IRENA 2024/25: números claros y claves para América Latina
Solar y eólica llegan con números a favor. En LATAM necesitan políticas claras y actualización tecnológica que acompañen.
La Agencia Internacional de Energías Renovables (IRENA) publicó su último informe “Renewable Power Generation Costs in 2024/2025”, donde analiza la evolución de los costos de las principales tecnologías renovables a nivel mundial y su papel en la transición energética.
Uno de los hallazgos centrales es que el costo promedio de la energía solar fotovoltaica y la eólica terrestre continúa disminuyendo, lo que las convierte en las fuentes más baratas para nuevas instalaciones en la mayoría de los mercados. La eólica marina y la termosolar, si bien presentan todavía costos superiores, muestran mejoras sostenidas gracias a innovaciones tecnológicas, economías de escala y procesos de instalación más eficientes.
El estudio también destaca la competitividad frente a los combustibles fósiles: en la mayor parte del mundo, el costo nivelado de la electricidad (LCOE) de las renovables se ubica por debajo de las nuevas centrales a gas y carbón. Esto refuerza la idea de que invertir en renovables ya no es solo una decisión ambiental, sino también una estrategia económicamente racional. En el siguiente gráfico se puede observar cómo se redujo el LCOE a lo largo de los años.
Otro aspecto clave es la heterogeneidad regional. Los países con mayores recursos logran costos récord bajos, mientras que, en mercados emergentes, los riesgos financieros elevan los costos de capital y encarecen el LCOE. Esto evidencia la importancia de generar condiciones de financiamiento accesibles y políticas estables que permitan acelerar el despliegue renovable en todo el mundo.
De cara a 2025, IRENA proyecta que la energía solar fotovoltaica seguirá abaratándose y que la eólica marina tendrá un papel creciente en Europa y Asia, con reducciones progresivas en sus costos. Además, tecnologías como la geotermia y la bioenergía comienzan a ocupar espacios estratégicos en la diversificación de matrices energéticas.
En América Latina, el costo acompaña; el resultado depende de la ejecución. La región combina recursos en cantidad, pero el costo del dinero, los tipos de cambio y la transmisión saturada pueden borrar la ventaja. El camino: Baterías para disminuir el pico de energía, herramientas digitales para despachar mejor cada MWh y proyectos híbridos que aprovechen la misma interconexión. Si se suma financiamiento accesible, reglas claras y fechas de conexión que se cumplan, la competitividad llega al usuario.

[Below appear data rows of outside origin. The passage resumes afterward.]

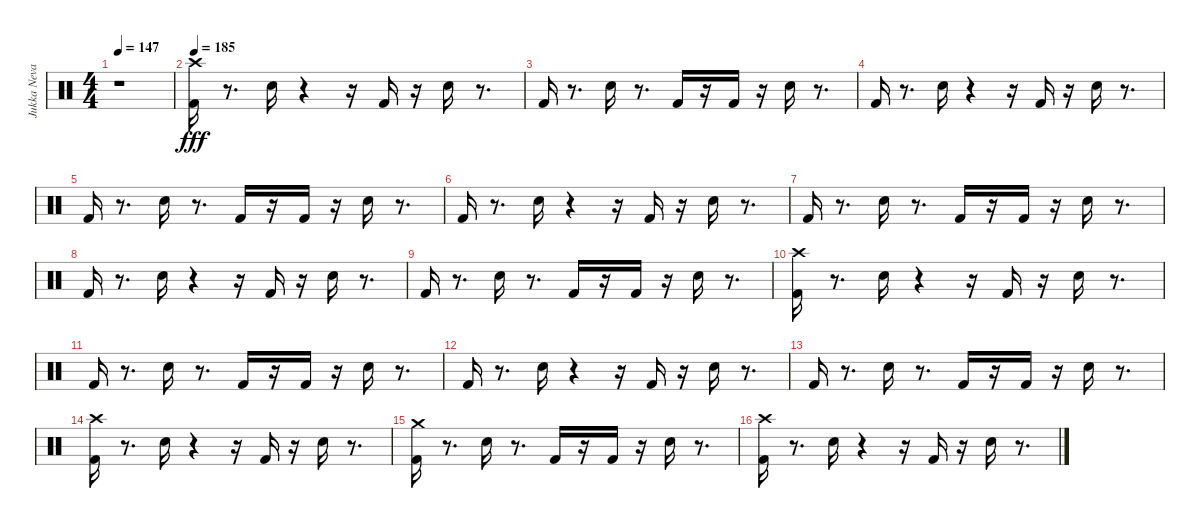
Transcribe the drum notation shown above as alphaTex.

\track ("Jukka Nevalinen" "Jukka Neva") {instrument percussion}
\staff {score}
\articulation defaults
\ts (4 4)
\tempo 147
\clef neutral
\ks c
r.1{dy fff} |
\tempo 185
("Kick (hit) 2" "Crash high (hit)").16 r.8{d} "Snare (hit) 2".16 r.4 r.16 "Kick (hit) 2".16 r.16 "Snare (hit) 2".16 r.8{d} |
"Kick (hit) 2".16 r.8{d} "Snare (hit) 2".16 r.8{d} "Kick (hit) 2".16 r.16 "Kick (hit) 2".16 r.16 "Snare (hit) 2".16 r.8{d} |
"Kick (hit) 2".16 r.8{d} "Snare (hit) 2".16 r.4 r.16 "Kick (hit) 2".16 r.16 "Snare (hit) 2".16 r.8{d} |
"Kick (hit) 2".16 r.8{d} "Snare (hit) 2".16 r.8{d} "Kick (hit) 2".16 r.16 "Kick (hit) 2".16 r.16 "Snare (hit) 2".16 r.8{d} |
"Kick (hit) 2".16 r.8{d} "Snare (hit) 2".16 r.4 r.16 "Kick (hit) 2".16 r.16 "Snare (hit) 2".16 r.8{d} |
"Kick (hit) 2".16 r.8{d} "Snare (hit) 2".16 r.8{d} "Kick (hit) 2".16 r.16 "Kick (hit) 2".16 r.16 "Snare (hit) 2".16 r.8{d} |
"Kick (hit) 2".16 r.8{d} "Snare (hit) 2".16 r.4 r.16 "Kick (hit) 2".16 r.16 "Snare (hit) 2".16 r.8{d} |
"Kick (hit) 2".16 r.8{d} "Snare (hit) 2".16 r.8{d} "Kick (hit) 2".16 r.16 "Kick (hit) 2".16 r.16 "Snare (hit) 2".16 r.8{d} |
("Kick (hit) 2" "Crash high (hit)").16 r.8{d} "Snare (hit) 2".16 r.4 r.16 "Kick (hit) 2".16 r.16 "Snare (hit) 2".16 r.8{d} |
"Kick (hit) 2".16 r.8{d} "Snare (hit) 2".16 r.8{d} "Kick (hit) 2".16 r.16 "Kick (hit) 2".16 r.16 "Snare (hit) 2".16 r.8{d} |
"Kick (hit) 2".16 r.8{d} "Snare (hit) 2".16 r.4 r.16 "Kick (hit) 2".16 r.16 "Snare (hit) 2".16 r.8{d} |
"Kick (hit) 2".16 r.8{d} "Snare (hit) 2".16 r.8{d} "Kick (hit) 2".16 r.16 "Kick (hit) 2".16 r.16 "Snare (hit) 2".16 r.8{d} |
("Kick (hit) 2" "Crash high (hit)").16 r.8{d} "Snare (hit) 2".16 r.4 r.16 "Kick (hit) 2".16 r.16 "Snare (hit) 2".16 r.8{d} |
("Kick (hit) 2" "Crash medium (hit)").16 r.8{d} "Snare (hit) 2".16 r.8{d} "Kick (hit) 2".16 r.16 "Kick (hit) 2".16 r.16 "Snare (hit) 2".16 r.8{d} |
("Kick (hit) 2" "Crash high (hit)").16 r.8{d} "Snare (hit) 2".16 r.4 r.16 "Kick (hit) 2".16 r.16 "Snare (hit) 2".16 r.8{d}
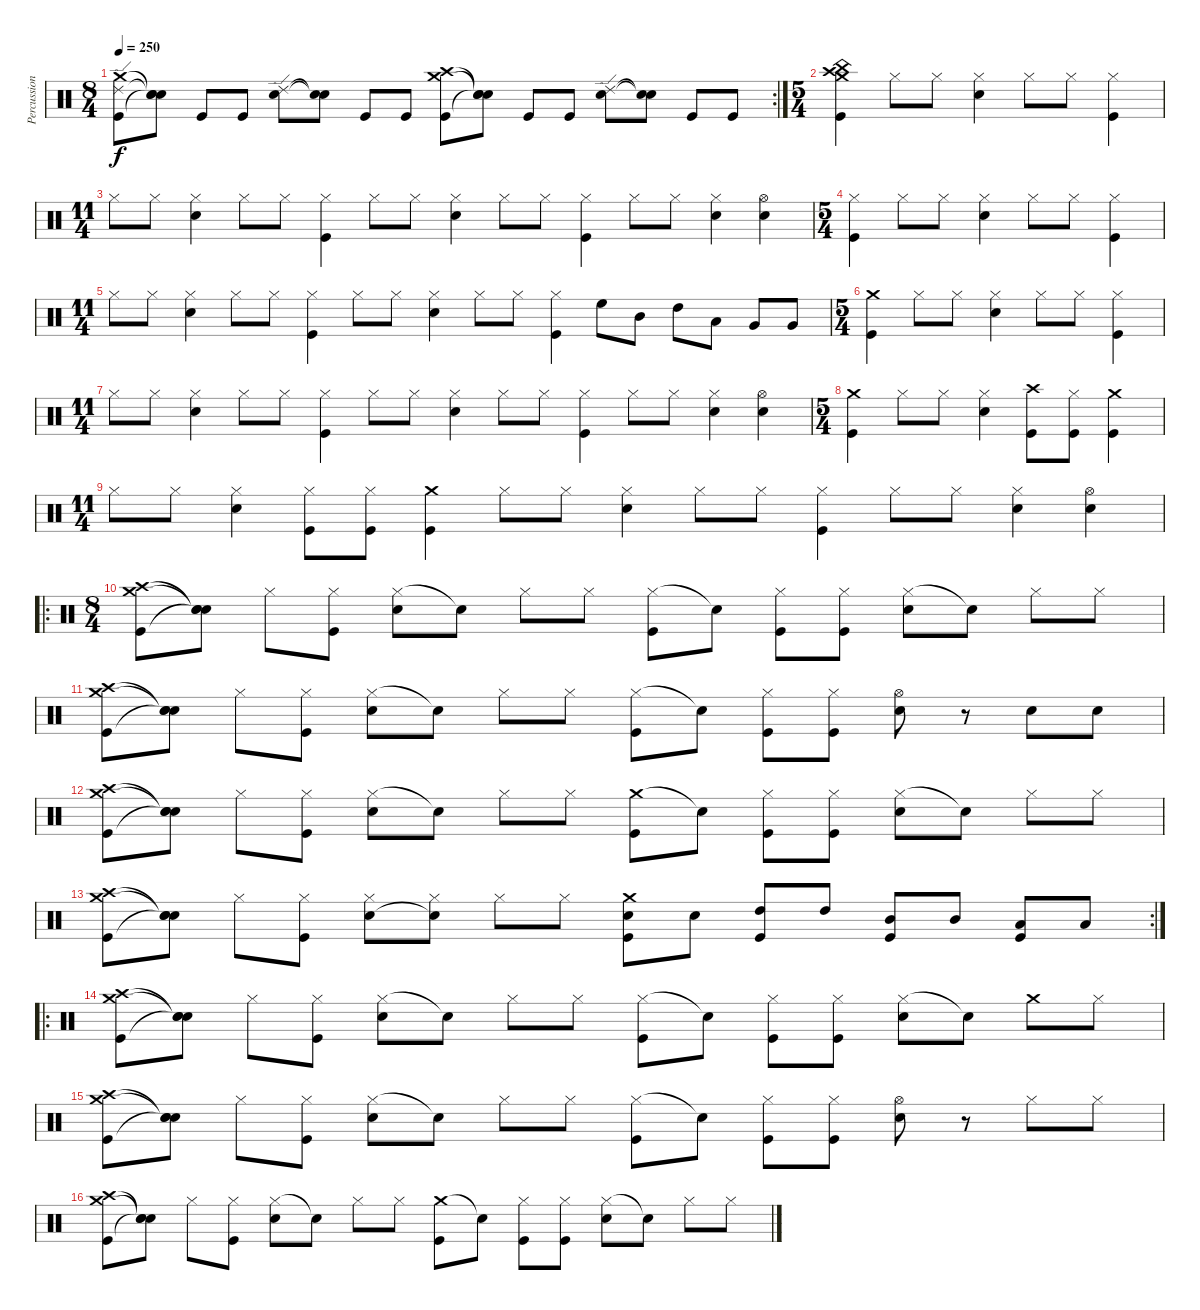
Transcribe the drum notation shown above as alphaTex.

\track ("Percussion" "Percussion") {instrument percussion}
\staff {score}
\articulation defaults
\rc 2
\ts (8 4)
\tempo 250
\clef neutral
\ks c
("Crash medium (hit)" "Ride (edge) 2" "Kick (hit)").8{dy f} ("Snare (hit)"{t} "Snare (hit)"{t} "Snare (hit)"{t}).8 "Kick (hit)".8 "Kick (hit)".8 ("Ride (edge) 2" "Snare (hit) 2").8 ("Snare (hit)"{t} "Snare (hit)"{t}).8 "Kick (hit)".8 "Kick (hit)".8 ("Crash medium (hit)" "Crash high (hit)" "Kick (hit)").8 ("Snare (hit)"{t} "Snare (hit)"{t} "Snare (hit)"{t}).8 "Kick (hit)".8 "Kick (hit)".8 ("Ride (edge) 2" "Snare (hit) 2").8 ("Snare (hit)"{t} "Snare (hit)"{t}).8 "Kick (hit)".8 "Kick (hit)".8 |
\ts (5 4)
("Crash medium (hit)" "Crash high (hit)" "China (hit)" "Kick (hit)").4 "Hi-Hat (closed)".8 "Hi-Hat (closed)".8 ("Hi-Hat (closed)" "Snare (hit) 2").4 "Hi-Hat (closed)".8 "Hi-Hat (closed)".8 ("Hi-Hat (closed)" "Kick (hit)").4 |
\ts (11 4)
"Hi-Hat (closed)".8 "Hi-Hat (closed)".8 ("Hi-Hat (closed)" "Snare (hit) 2").4 "Hi-Hat (closed)".8 "Hi-Hat (closed)".8 ("Hi-Hat (closed)" "Kick (hit)").4 "Hi-Hat (closed)".8 "Hi-Hat (closed)".8 ("Hi-Hat (closed)" "Snare (hit) 2").4 "Hi-Hat (closed)".8 "Hi-Hat (closed)".8 ("Hi-Hat (closed)" "Kick (hit)").4 "Hi-Hat (closed)".8 "Hi-Hat (closed)".8 ("Hi-Hat (closed)" "Snare (hit) 2").4 ("Hi-Hat (open)" "Snare (hit) 2").4 |
\ts (5 4)
("Hi-Hat (closed)" "Kick (hit)").4 "Hi-Hat (closed)".8 "Hi-Hat (closed)".8 ("Hi-Hat (closed)" "Snare (hit) 2").4 "Hi-Hat (closed)".8 "Hi-Hat (closed)".8 ("Hi-Hat (closed)" "Kick (hit)").4 |
\ts (11 4)
"Hi-Hat (closed)".8 "Hi-Hat (closed)".8 ("Hi-Hat (closed)" "Snare (hit) 2").4 "Hi-Hat (closed)".8 "Hi-Hat (closed)".8 ("Hi-Hat (closed)" "Kick (hit)").4 "Hi-Hat (closed)".8 "Hi-Hat (closed)".8 ("Hi-Hat (closed)" "Snare (hit) 2").4 "Hi-Hat (closed)".8 "Hi-Hat (closed)".8 ("Hi-Hat (closed)" "Kick (hit)").4 "High Floor Tom (hit)".8 "Mid Tom (hit)".8 "High Tom (hit)".8 "Low Tom (hit)".8 "Very Low Tom (hit)".8 "Very Low Tom (hit)".8 |
\ts (5 4)
("Crash medium (hit)" "Kick (hit)").4 "Hi-Hat (closed)".8 "Hi-Hat (closed)".8 ("Hi-Hat (closed)" "Snare (hit) 2").4 "Hi-Hat (closed)".8 "Hi-Hat (closed)".8 ("Hi-Hat (closed)" "Kick (hit)").4 |
\ts (11 4)
"Hi-Hat (closed)".8 "Hi-Hat (closed)".8 ("Hi-Hat (closed)" "Snare (hit) 2").4 "Hi-Hat (closed)".8 "Hi-Hat (closed)".8 ("Hi-Hat (closed)" "Kick (hit)").4 "Hi-Hat (closed)".8 "Hi-Hat (closed)".8 ("Hi-Hat (closed)" "Snare (hit) 2").4 "Hi-Hat (closed)".8 "Hi-Hat (closed)".8 ("Hi-Hat (closed)" "Kick (hit)").4 "Hi-Hat (closed)".8 "Hi-Hat (closed)".8 ("Hi-Hat (closed)" "Snare (hit) 2").4 ("Hi-Hat (open)" "Snare (hit) 2").4 |
\ts (5 4)
("Crash medium (hit)" "Kick (hit)").4 "Hi-Hat (closed)".8 "Hi-Hat (closed)".8 ("Hi-Hat (closed)" "Snare (hit) 2").4 ("Crash high (hit)" "Kick (hit)").8 ("Hi-Hat (closed)" "Kick (hit)").8 ("Crash medium (hit)" "Kick (hit)").4 |
\ts (11 4)
"Hi-Hat (closed)".8 "Hi-Hat (closed)".8 ("Hi-Hat (closed)" "Snare (hit) 2").4 ("Hi-Hat (closed)" "Kick (hit)").8 ("Hi-Hat (closed)" "Kick (hit)").8 ("Crash medium (hit)" "Kick (hit)").4 "Hi-Hat (closed)".8 "Hi-Hat (closed)".8 ("Hi-Hat (closed)" "Snare (hit) 2").4 "Hi-Hat (closed)".8 "Hi-Hat (closed)".8 ("Hi-Hat (closed)" "Kick (hit)").4 "Hi-Hat (closed)".8 "Hi-Hat (closed)".8 ("Hi-Hat (closed)" "Snare (hit) 2").4 ("Hi-Hat (open)" "Snare (hit) 2").4 |
\ro
\ts (8 4)
("Crash medium (hit)" "Crash high (hit)" "Kick (hit)").8 ("Snare (hit)"{t} "Snare (hit)"{t} "Snare (hit)"{t}).8 "Hi-Hat (closed)".8 ("Hi-Hat (closed)" "Kick (hit)").8 ("Hi-Hat (closed)" "Snare (hit) 2").8 "Snare (hit)"{t}.8 "Hi-Hat (closed)".8 "Hi-Hat (closed)".8 ("Hi-Hat (closed)" "Kick (hit)").8 "Snare (hit)"{t}.8 ("Hi-Hat (closed)" "Kick (hit)").8 ("Hi-Hat (closed)" "Kick (hit)").8 ("Hi-Hat (closed)" "Snare (hit) 2").8 "Snare (hit)"{t}.8 "Hi-Hat (closed)".8 "Hi-Hat (closed)".8 |
("Crash medium (hit)" "Crash high (hit)" "Kick (hit)").8 ("Snare (hit)"{t} "Snare (hit)"{t} "Snare (hit)"{t}).8 "Hi-Hat (closed)".8 ("Hi-Hat (closed)" "Kick (hit)").8 ("Hi-Hat (closed)" "Snare (hit) 2").8 "Snare (hit)"{t}.8 "Hi-Hat (closed)".8 "Hi-Hat (closed)".8 ("Hi-Hat (closed)" "Kick (hit)").8 "Snare (hit)"{t}.8 ("Hi-Hat (closed)" "Kick (hit)").8 ("Hi-Hat (closed)" "Kick (hit)").8 ("Hi-Hat (open)" "Snare (hit) 2").8 r.8 "Snare (hit) 2".8 "Snare (hit) 2".8 |
("Crash medium (hit)" "Crash high (hit)" "Kick (hit)").8 ("Snare (hit)"{t} "Snare (hit)"{t} "Snare (hit)"{t}).8 "Hi-Hat (closed)".8 ("Hi-Hat (closed)" "Kick (hit)").8 ("Hi-Hat (closed)" "Snare (hit) 2").8 "Snare (hit)"{t}.8 "Hi-Hat (closed)".8 "Hi-Hat (closed)".8 ("Crash medium (hit)" "Kick (hit)").8 "Snare (hit)"{t}.8 ("Hi-Hat (closed)" "Kick (hit)").8 ("Hi-Hat (closed)" "Kick (hit)").8 ("Hi-Hat (closed)" "Snare (hit) 2").8 "Snare (hit)"{t}.8 "Hi-Hat (closed)".8 "Hi-Hat (closed)".8 |
\rc 2
("Crash medium (hit)" "Crash high (hit)" "Kick (hit)").8 ("Snare (hit)"{t} "Snare (hit)"{t} "Snare (hit)"{t}).8 "Hi-Hat (closed)".8 ("Hi-Hat (closed)" "Kick (hit)").8 ("Hi-Hat (closed)" "Snare (hit) 2").8 ("Hi-Hat (closed)" "Snare (hit)"{t}).8 "Hi-Hat (closed)".8 "Hi-Hat (closed)".8 ("Crash medium (hit)" "Snare (hit) 2" "Kick (hit)").8 "Snare (hit) 2".8 ("High Tom (hit)" "Kick (hit)").8 "High Tom (hit)".8 ("Mid Tom (hit)" "Kick (hit)").8 "Mid Tom (hit)".8 ("Low Tom (hit)" "Kick (hit)").8 "Low Tom (hit)".8 |
\ro
("Crash medium (hit)" "Crash high (hit)" "Kick (hit)").8 ("Snare (hit)"{t} "Snare (hit)"{t} "Snare (hit)"{t}).8 "Hi-Hat (closed)".8 ("Hi-Hat (closed)" "Kick (hit)").8 ("Hi-Hat (closed)" "Snare (hit) 2").8 "Snare (hit)"{t}.8 "Hi-Hat (closed)".8 "Hi-Hat (closed)".8 ("Hi-Hat (closed)" "Kick (hit)").8 "Snare (hit)"{t}.8 ("Hi-Hat (closed)" "Kick (hit)").8 ("Hi-Hat (closed)" "Kick (hit)").8 ("Hi-Hat (closed)" "Snare (hit) 2").8 "Snare (hit)"{t}.8 "Crash medium (hit)".8 "Hi-Hat (closed)".8 |
("Crash medium (hit)" "Crash high (hit)" "Kick (hit)").8 ("Snare (hit)"{t} "Snare (hit)"{t} "Snare (hit)"{t}).8 "Hi-Hat (closed)".8 ("Hi-Hat (closed)" "Kick (hit)").8 ("Hi-Hat (closed)" "Snare (hit) 2").8 "Snare (hit)"{t}.8 "Hi-Hat (closed)".8 "Hi-Hat (closed)".8 ("Hi-Hat (closed)" "Kick (hit)").8 "Snare (hit)"{t}.8 ("Hi-Hat (closed)" "Kick (hit)").8 ("Hi-Hat (closed)" "Kick (hit)").8 ("Hi-Hat (open)" "Snare (hit) 2").8 r.8 "Hi-Hat (closed)".8 "Hi-Hat (closed)".8 |
("Crash medium (hit)" "Crash high (hit)" "Kick (hit)").8 ("Snare (hit)"{t} "Snare (hit)"{t} "Snare (hit)"{t}).8 "Hi-Hat (closed)".8 ("Hi-Hat (closed)" "Kick (hit)").8 ("Hi-Hat (closed)" "Snare (hit) 2").8 "Snare (hit)"{t}.8 "Hi-Hat (closed)".8 "Hi-Hat (closed)".8 ("Crash medium (hit)" "Kick (hit)").8 "Snare (hit)"{t}.8 ("Hi-Hat (closed)" "Kick (hit)").8 ("Hi-Hat (closed)" "Kick (hit)").8 ("Hi-Hat (closed)" "Snare (hit) 2").8 "Snare (hit)"{t}.8 "Hi-Hat (closed)".8 "Hi-Hat (closed)".8

En conclusión, el informe de IRENA aporta un argumento económico sólido para incorporar nueva capacidad, especialmente en economías desarrolladas, donde el capital barato y las redes maduras permiten capturar plenamente esa ventaja de costos. En las economías en vías de desarrollo, el desafío es cerrar la brecha de financiamiento y acelerar la infraestructura. La etapa que sigue es habilitadora: financiamiento competitivo, almacenamiento y digitalización que aporten flexibilidad y redes capaces de integrar más generación sin cuellos de botella.
Fuente: IRENA, “Renewable Power Generation Costs in 2024/2025”


“A medida que la capacidad renovable crezca en los próximos años para cumplir objetivos climáticos, tecnologías habilitadoras como el almacenamiento en baterías, la digitalización y los sistemas híbridos serán cada vez más vitales para integrar energías renovables variables, mejorar el desempeño de los activos y mejorar la respuesta de la red. Aunque persisten desafíos —acceso al financiamiento, demoras en permisos, cuellos de botella en la cadena de suministros y riesgos geopolíticos—, una mayor alineación entre políticas, regulación e inversión es esencial para acelerar la transición.”